I think first off, we're pleased that the last 18 months have sort of had a steady upward trajectory of net book-to-bill. That's positive. We'd like it above one, yes, but it's really not essential to get there. The backlog, both the duration of the backlog and the nature of the backlog, is important. I would say as a sort of a basic proposition, particularly for non-NHP studies, we can almost plot in a steady backlog for something that's slipped or canceled. Not always, but almost always. It depends on whether the client has a predisposition on a particular geographic locale or not, but it's a bit easier. With appropriate notice, we can do a similar thing with the NHP studies, which tend to be more costly and more complex to set up. It does depend on the mix of the backlog.

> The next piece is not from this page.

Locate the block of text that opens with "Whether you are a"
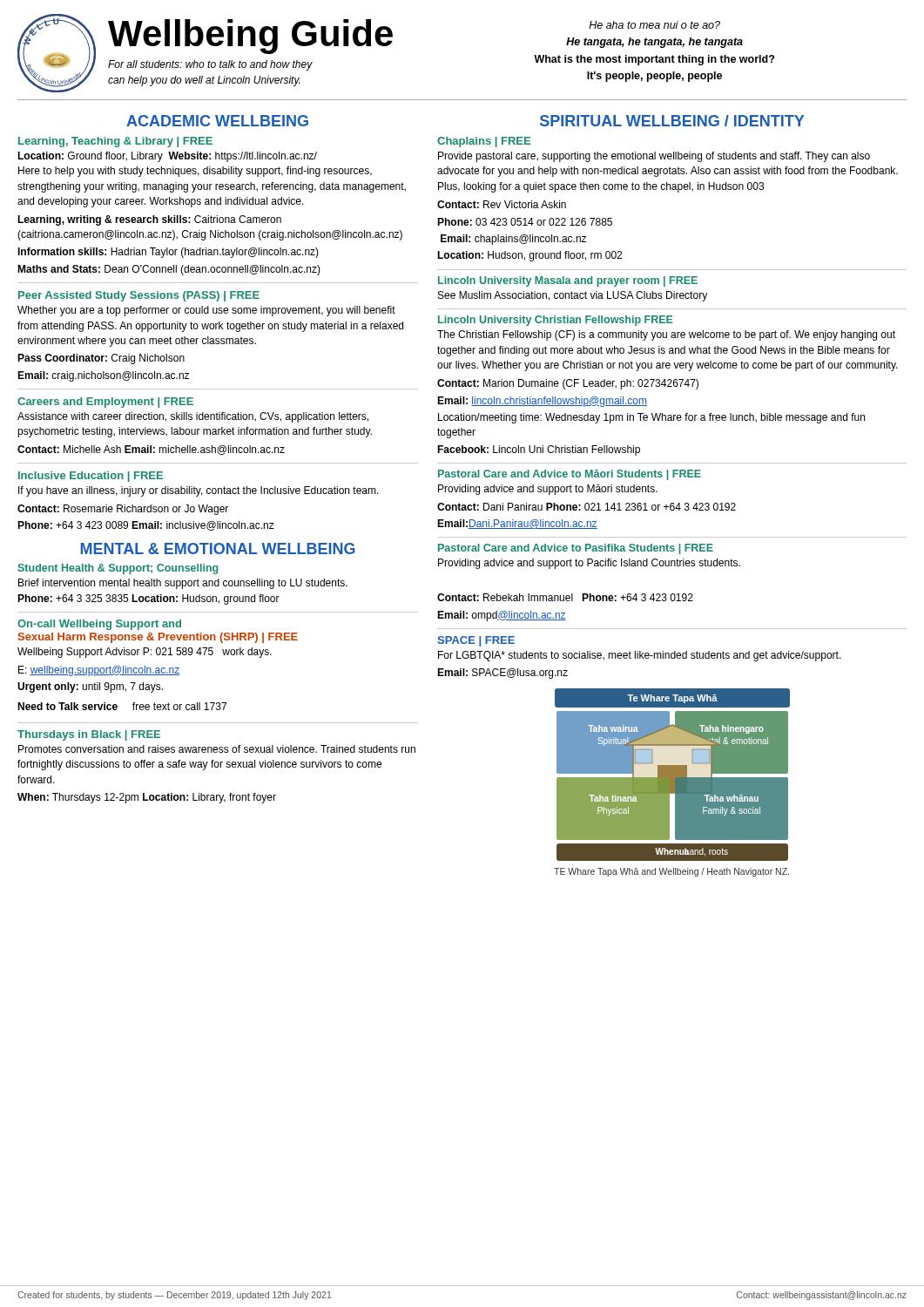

The certainty of the backlog, as you may recall from, I don't know, it's probably three years now, the backlog, which we enjoyed for a while, actually elongated too much, and there was less of a certainty from the clients in terms of actually initiating studies. We like where it is now. While some things do cancel or slip, we typically can slot something in. I think that backlog is in a good place for us right now. As we go forward, we had several years where it was kind of six to nine months, so 10 months sort of feels like we're in the ballpark to have a sufficient backlog to be able to seed any potential gaps we have in the portfolio and make sure that we keep our people busy.

As a reminder, the preclinical space turnaround time is much shorter than clinical, right? Our cycle is more like six to nine months. I think that also plays into how you rebuild that backlog. As you start to look ahead or 10 months ahead, there's plenty of time to increase the bookings in that period as well.

Thank you. I think that's all the questions that we have. Thanks for joining us this morning, and we look forward to seeing you at an upcoming investor conference in September. This concludes the call.